»»

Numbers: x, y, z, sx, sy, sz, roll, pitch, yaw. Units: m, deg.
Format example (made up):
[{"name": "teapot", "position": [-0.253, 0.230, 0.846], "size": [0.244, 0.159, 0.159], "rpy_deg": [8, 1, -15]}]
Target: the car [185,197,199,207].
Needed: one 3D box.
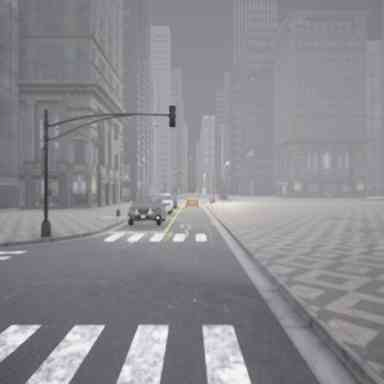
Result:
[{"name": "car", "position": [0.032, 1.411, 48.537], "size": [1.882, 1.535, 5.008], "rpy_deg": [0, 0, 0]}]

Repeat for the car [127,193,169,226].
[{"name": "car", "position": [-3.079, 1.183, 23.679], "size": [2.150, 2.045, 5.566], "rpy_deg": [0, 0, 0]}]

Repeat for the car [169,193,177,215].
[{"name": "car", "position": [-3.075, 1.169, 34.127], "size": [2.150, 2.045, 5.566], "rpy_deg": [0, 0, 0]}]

««
»»

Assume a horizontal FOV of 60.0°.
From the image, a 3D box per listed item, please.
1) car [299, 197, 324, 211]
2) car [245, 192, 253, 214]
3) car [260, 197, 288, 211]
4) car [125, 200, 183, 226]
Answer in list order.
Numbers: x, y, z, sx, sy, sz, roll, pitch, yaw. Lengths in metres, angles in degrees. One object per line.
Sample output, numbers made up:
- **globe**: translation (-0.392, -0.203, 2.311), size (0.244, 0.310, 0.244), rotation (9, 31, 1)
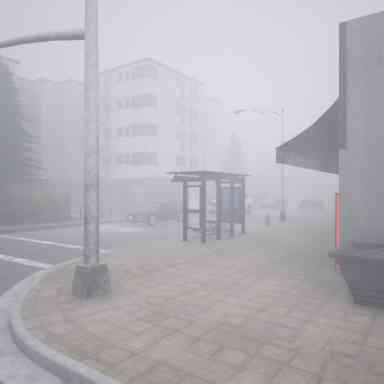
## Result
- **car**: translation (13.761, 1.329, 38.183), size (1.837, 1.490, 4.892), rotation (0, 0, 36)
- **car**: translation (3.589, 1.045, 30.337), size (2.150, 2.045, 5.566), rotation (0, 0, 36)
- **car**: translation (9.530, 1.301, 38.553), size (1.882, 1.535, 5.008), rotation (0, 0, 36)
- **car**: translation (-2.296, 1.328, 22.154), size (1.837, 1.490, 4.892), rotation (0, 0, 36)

««

▶ [TASK REQUIREMENTS] Please reproduce the lines from the line with "4) car [125, 200, 183, 226]" to the line with "- **globe**: translation", both ends included, exactly as they appear above.

▶ [OUTPUT OF THE TASK]
4) car [125, 200, 183, 226]
Answer in list order.
Numbers: x, y, z, sx, sy, sz, roll, pitch, yaw. Lengths in metres, angles in degrees. One object per line.
Sample output, numbers made up:
- **globe**: translation (-0.392, -0.203, 2.311), size (0.244, 0.310, 0.244), rotation (9, 31, 1)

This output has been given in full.